| name | blog-post |
| description | Complete workflow for creating blog posts - from research to publication-ready draft. Handles research generation, draft creation, and style review. Use with "/blog-post <topic>" or "/blog-post --from-research <path>". |
Blog Post Creation Workflow
Purpose
Streamline the daily blog post creation process by automating research, drafting, and style review in a single command.
Usage Modes
Mode 1: Start from scratch with a topic
/blog-post "CPU Scheduling in Hypervisors"
/blog-post "Database Connection Pools" --category infra --tags db,performance,connections
This will:
- Run deep-dive research using
docs/deep_dive_prompt.md - Save research to
_research/directory - Generate blog post draft following style guide
- Review against
blog-post-style-guide.md - Create final file in
_posts/with proper naming
Mode 2: From existing research document
/blog-post --from-research _research/physical-virtual-foundations/03-physical-virtual-foundations-CPU.md
/blog-post --from-research _research/programming/01-distributed-programming-IBLT.md --series "Distributed Programming"
This will:
- Read the research document
- Generate blog post draft following style guide
- Review against
blog-post-style-guide.md - Create final file in
_posts/with proper naming
Workflow Steps
Step 1: Research Phase (Mode 1 only)
If starting from topic:
- Read
docs/deep_dive_prompt.md - Use the prompt structure to conduct deep research on the topic
- Create comprehensive research document in
_research/directory - Organize under appropriate subdirectory (infra, programming, systems, etc.)
- Save as
_research/<category>/<number>-<topic-slug>.md
If from existing research:
- Read the provided research document path
- Validate it exists and has content
- Skip to drafting phase
Step 2: Draft Generation
Transform research into blog post following these requirements:
Content Transformation:
- Extract key insights from research that match blog philosophy (personal learning, operational focus)

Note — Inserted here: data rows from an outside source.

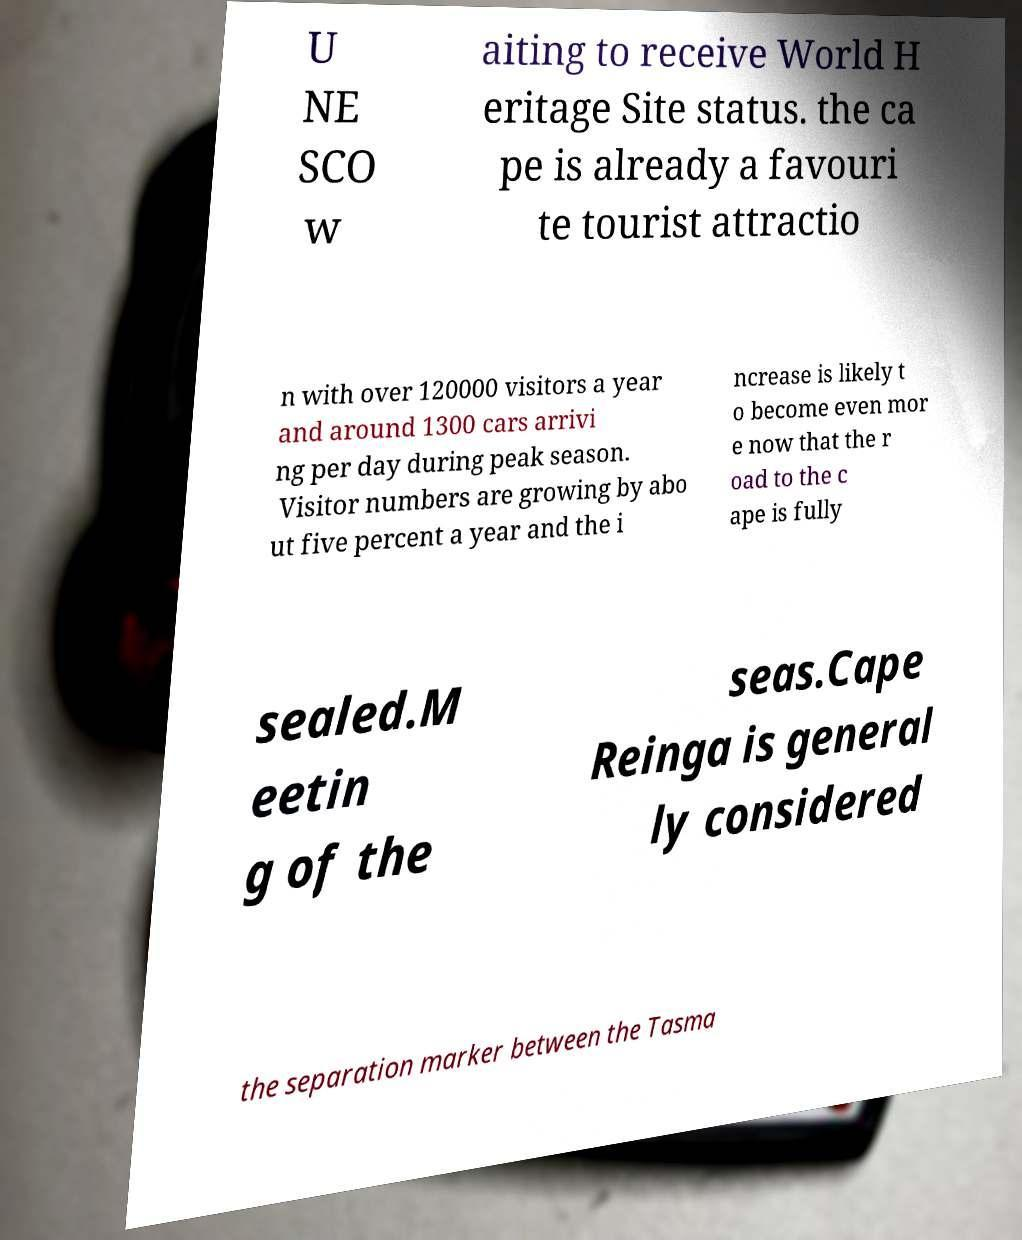Please identify and transcribe the text found in this image. U NE SCO w aiting to receive World H eritage Site status. the ca pe is already a favouri te tourist attractio n with over 120000 visitors a year and around 1300 cars arrivi ng per day during peak season. Visitor numbers are growing by abo ut five percent a year and the i ncrease is likely t o become even mor e now that the r oad to the c ape is fully sealed.M eetin g of the seas.Cape Reinga is general ly considered the separation marker between the Tasma 
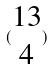Convert formula to latex. <formula><loc_0><loc_0><loc_500><loc_500>( \begin{matrix} 1 3 \\ 4 \end{matrix} )</formula> 
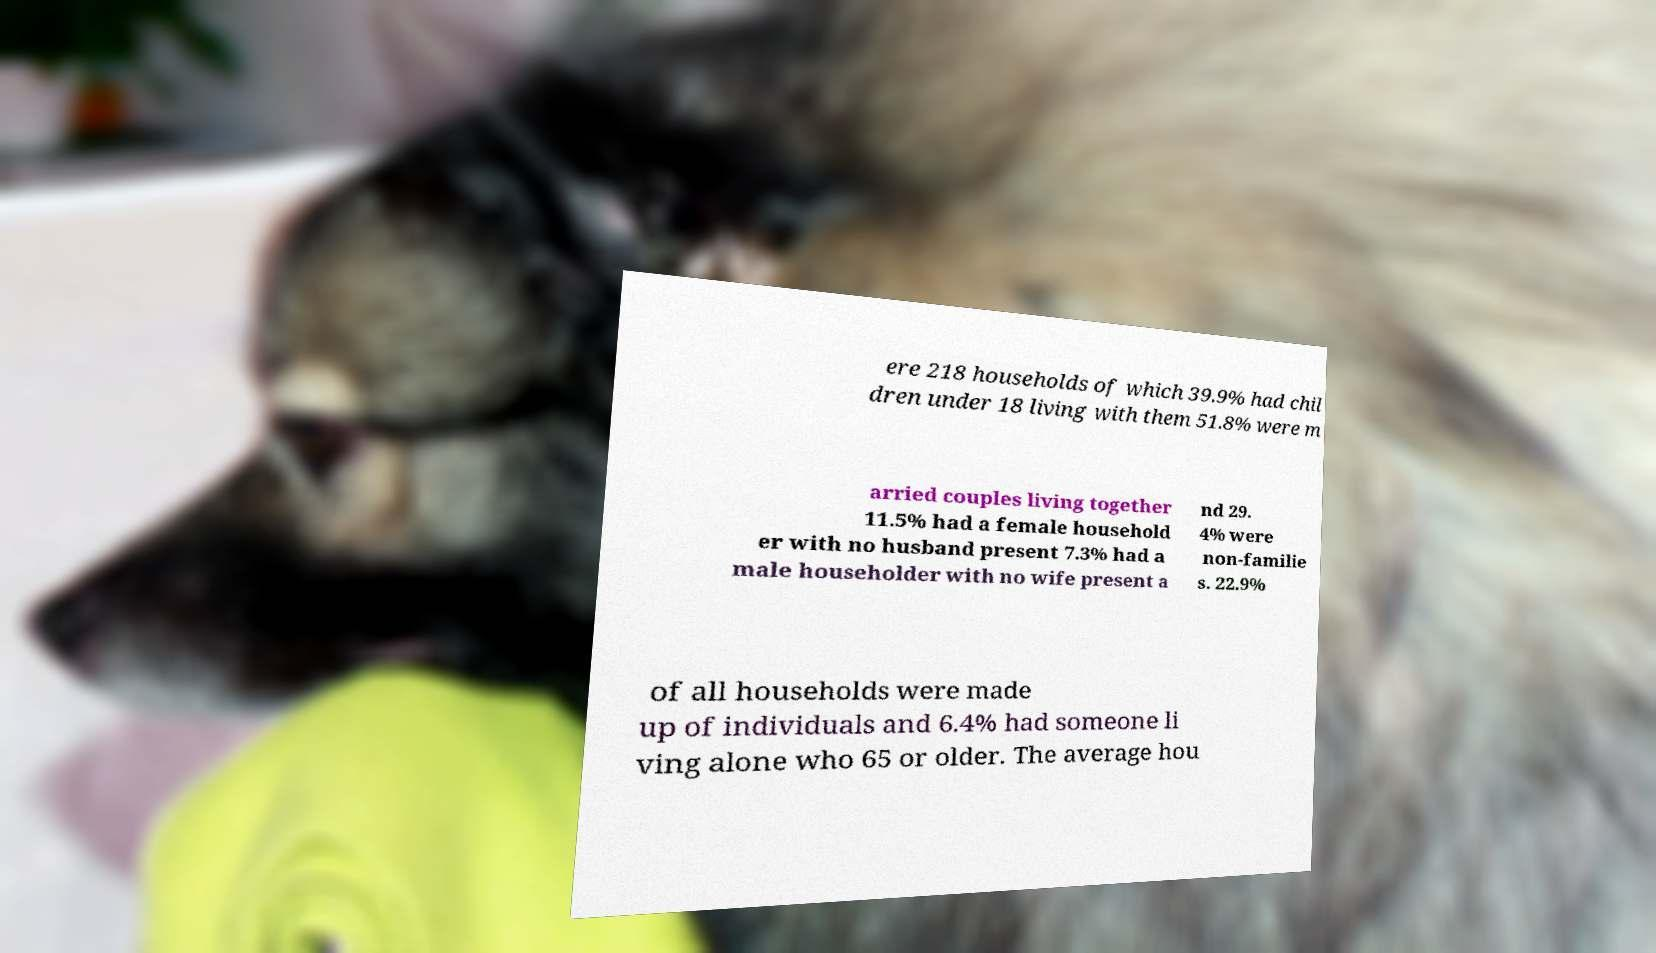Can you accurately transcribe the text from the provided image for me? ere 218 households of which 39.9% had chil dren under 18 living with them 51.8% were m arried couples living together 11.5% had a female household er with no husband present 7.3% had a male householder with no wife present a nd 29. 4% were non-familie s. 22.9% of all households were made up of individuals and 6.4% had someone li ving alone who 65 or older. The average hou 
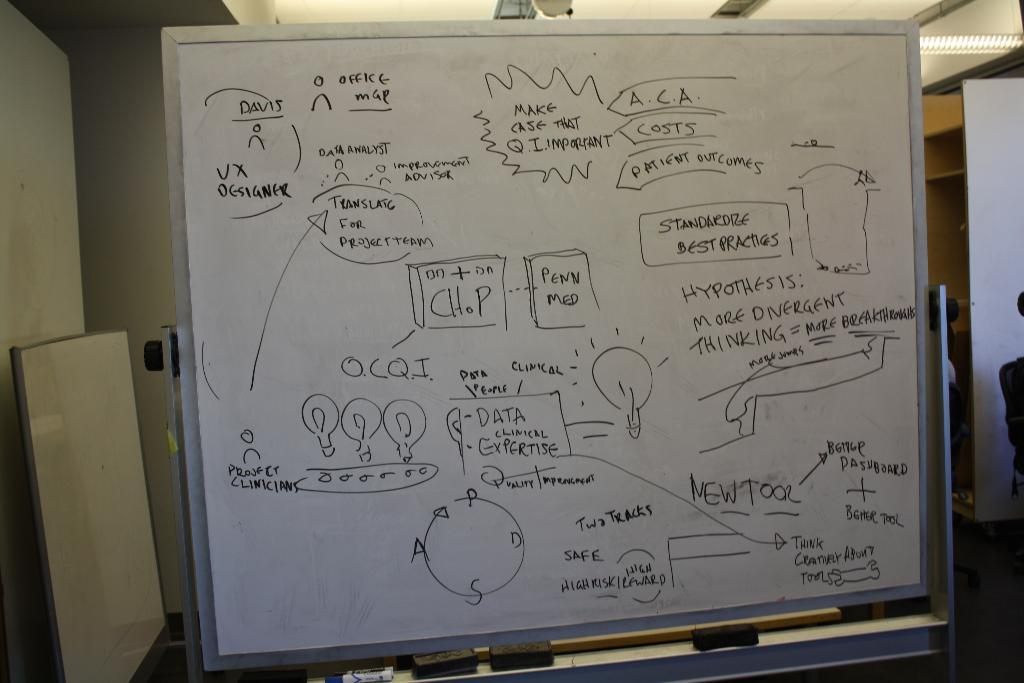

- Distill complexity - research is comprehensive, blog is focused and digestible
- Add personal voice - first-person, conversational, "I found myself learning..."
- Focus on "why it matters" - connect theory to practice for software engineers
- Include concrete examples - real commands, outputs, scenarios
- Keep it concise - blog posts are typically 800-1500 words, research can be much longer
Structure Requirements:
Front matter - Generate based on topic and user-provided options:
--- title: "<Series Name - Specific Topic>" or "<Standalone Topic>" date: <today's date in YYYY-MM-DD HH:MM:SS -0500> categories: <programming|infra|ai> tags: [ <3-6 relevant tags> ] ---- CRITICAL: Date must be today or earlier, NEVER a future date
- Ask user for series name if ambiguous
- Suggest category and tags based on content
Opening (1-2 sentences) - Personal context, direct and concise:
- Jump to what sparked interest
- No verbose setup
- Examples from existing posts show this pattern
Main sections with ## and ### headings:
- Start with concept definition
- Include "Why should software engineers care?" section
- Use question-based headers when appropriate
- Progress simple → complex
Examples and visuals:
- Real command outputs (not hypotheticals)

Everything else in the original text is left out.